In the 2009 German federal elections, Schmidt was elected into the Bundestag. He has since been a member of the Committee on Foreign Affairs.

In his first term between 2009 and 2013, Schmidt was part of his parliamentary group’s leadership around co-chairs Renate Künast and Jürgen Trittin, in charge of foreign policy issues. He was re-elected to that position in 2013, this time under the leadership of Katrin Göring-Eckardt and Anton Hofreiter. Following the 2017 elections, he was replaced by Agnieszka Brugger; instead, he joined the Committee on Foreign Affairs and its Sub-Committee on the United Nations.

In addition to his committee assignments, Schmidt has been a member of the German delegation to the Parliamentary Assembly of the Council of Europe (PACE) from 2018 until 2021. A delegate of the Alliance of Liberals and Democrats for Europe group, he served on the Committee on Political Affairs and Democracy.
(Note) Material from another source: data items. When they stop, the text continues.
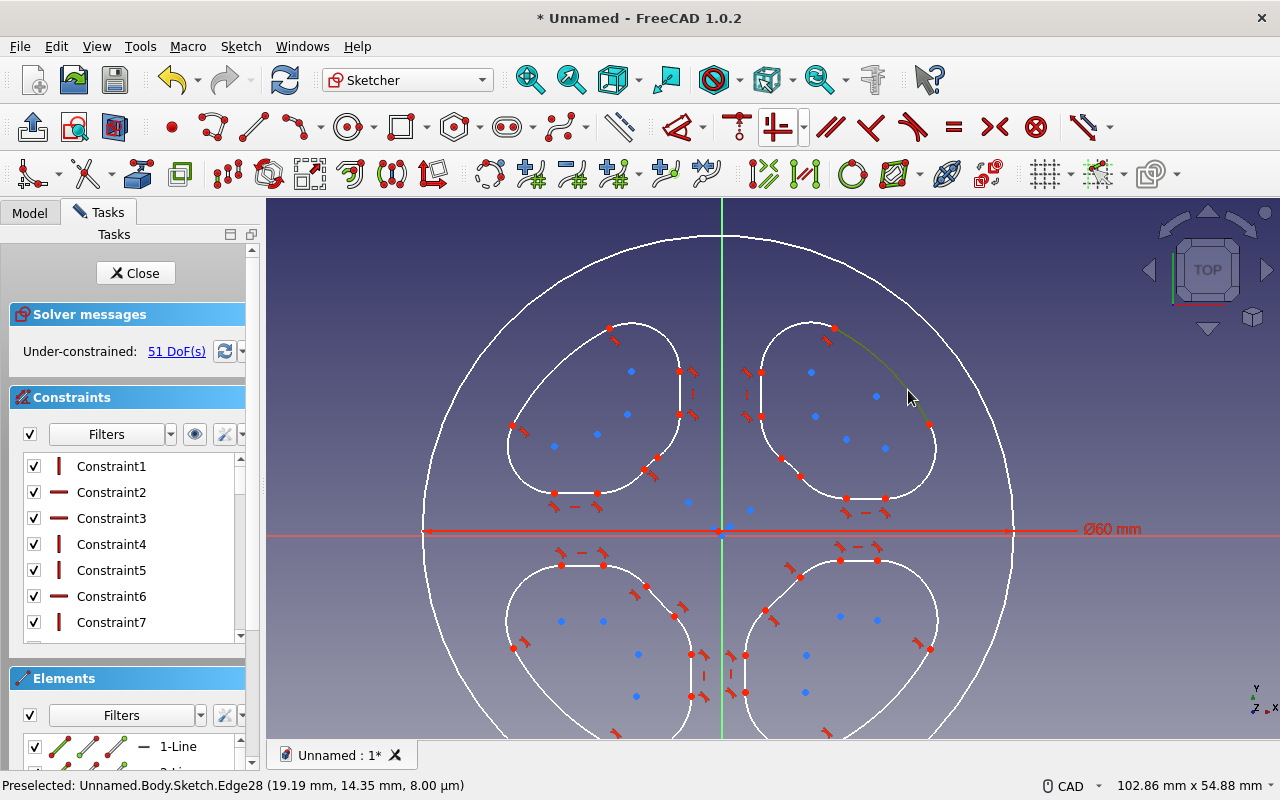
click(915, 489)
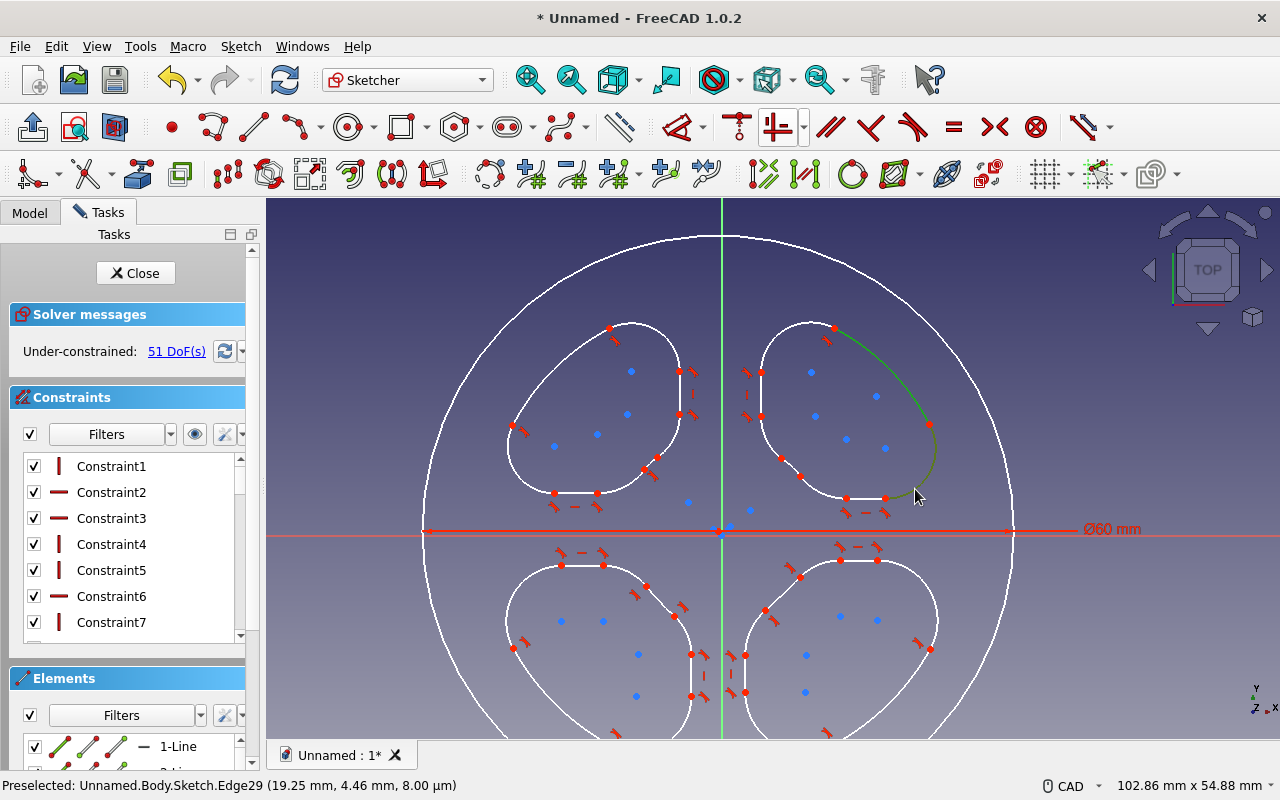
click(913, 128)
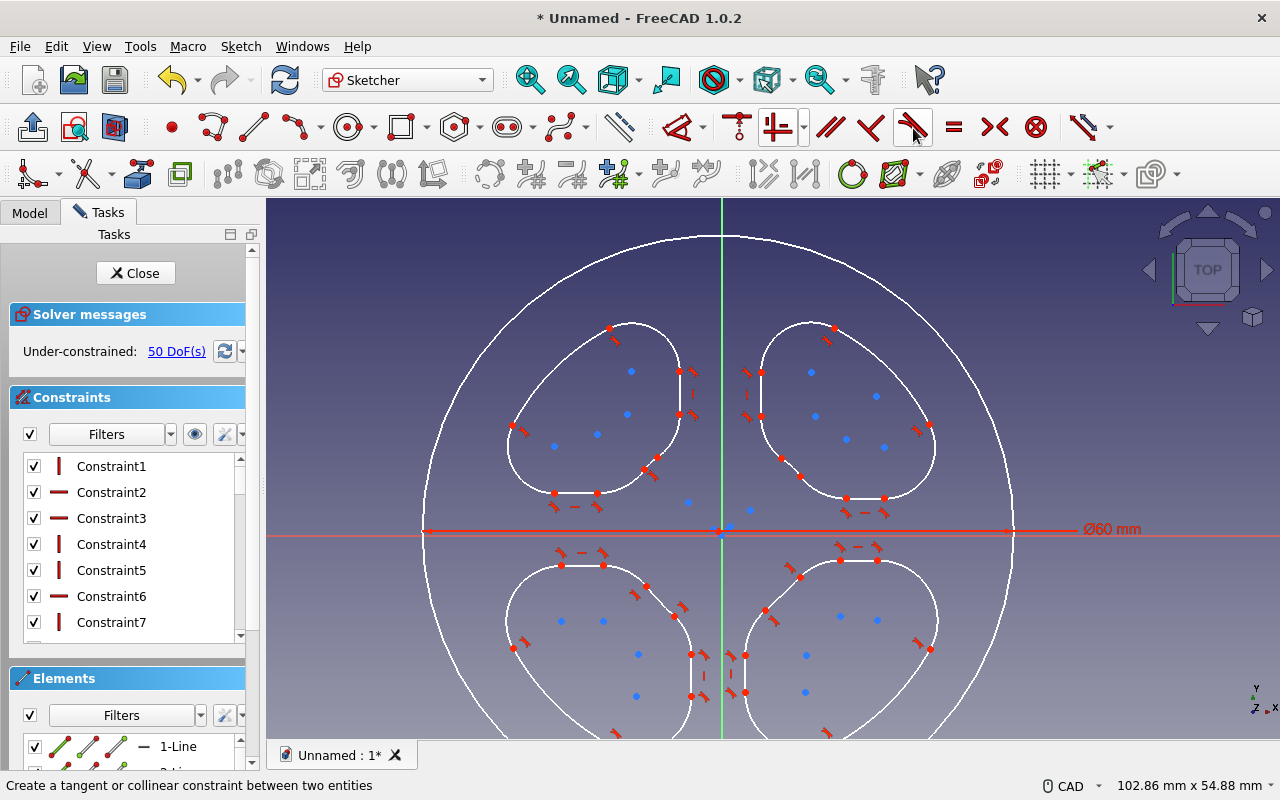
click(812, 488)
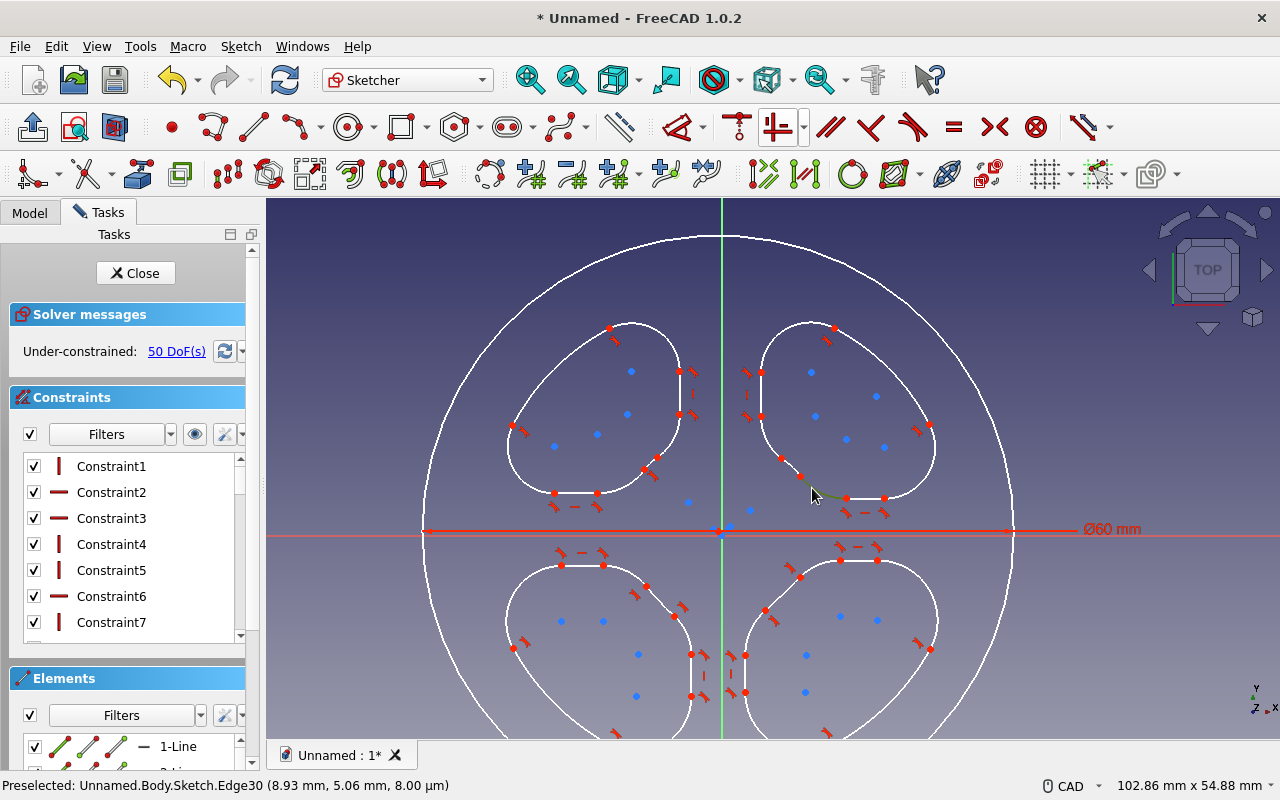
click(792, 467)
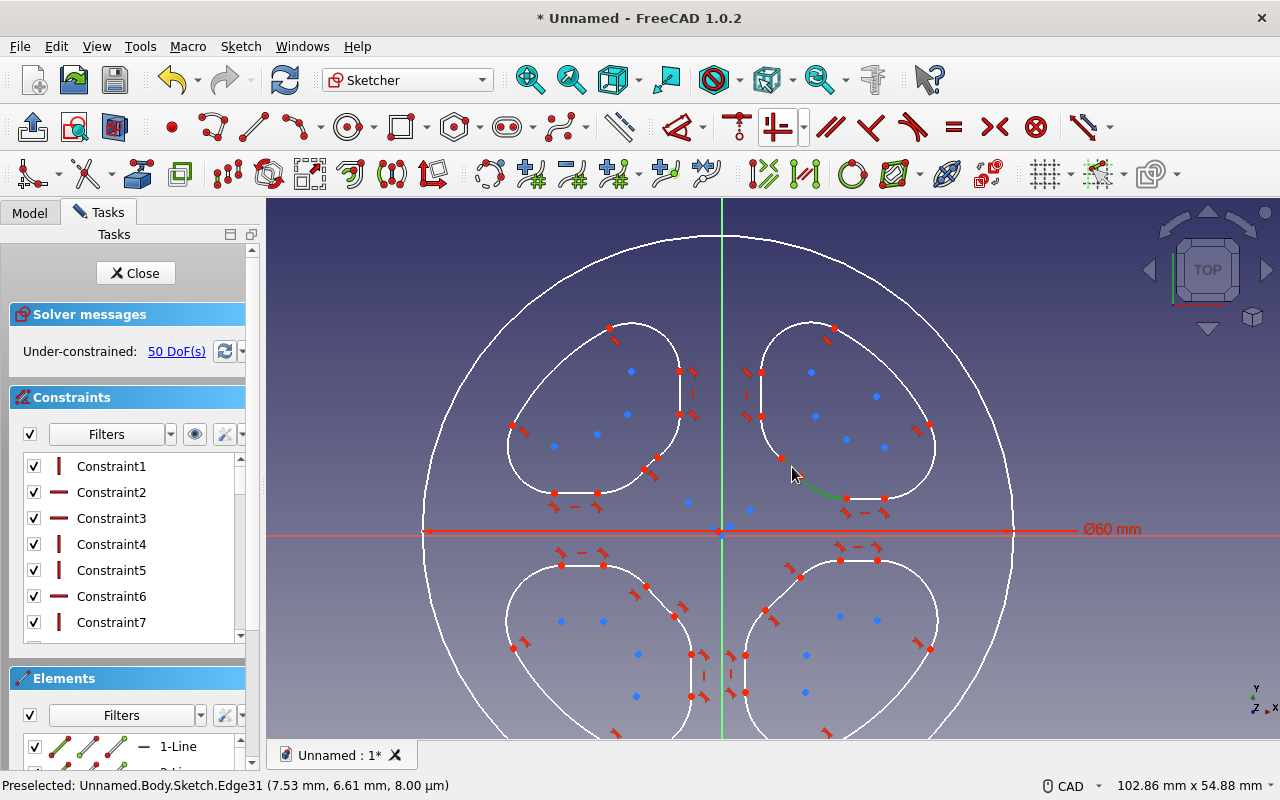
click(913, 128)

In this capacity, he authored a 2019 report on the use of digital technologies in the context of elections.

==Other activities==
- German Council on Foreign Relations (DGAP), Member of the Presidium (since 2014)
- Heinrich Böll Foundation, Member of the Assembly (since 2014)

==Political positions==
In August 2012, Schmidt was one of 124 members of the Bundestag to sign a letter that was sent to the Russian ambassador to Germany, Vladimir Grinin, expressing concern over the trial against the three members of Pussy Riot. “Being held in detention for months and the threat of lengthy punishment are draconian and disproportionate,” the lawmakers said in the letter. “In a secular and pluralist state, peaceful artistic acts -- even if they can be seen as provocative -- must not lead to the accusation of serious criminal acts that lead to lengthy prison terms.”

In late 2016, Schmidt was part of a group of German left-leaning lawmakers from the Green Party, the center-left Social Democrats (SPD) and the Left Party who met to explore the possibility of forming a coalition government to replace Chancellor Angela Merkel in the 2017 elections.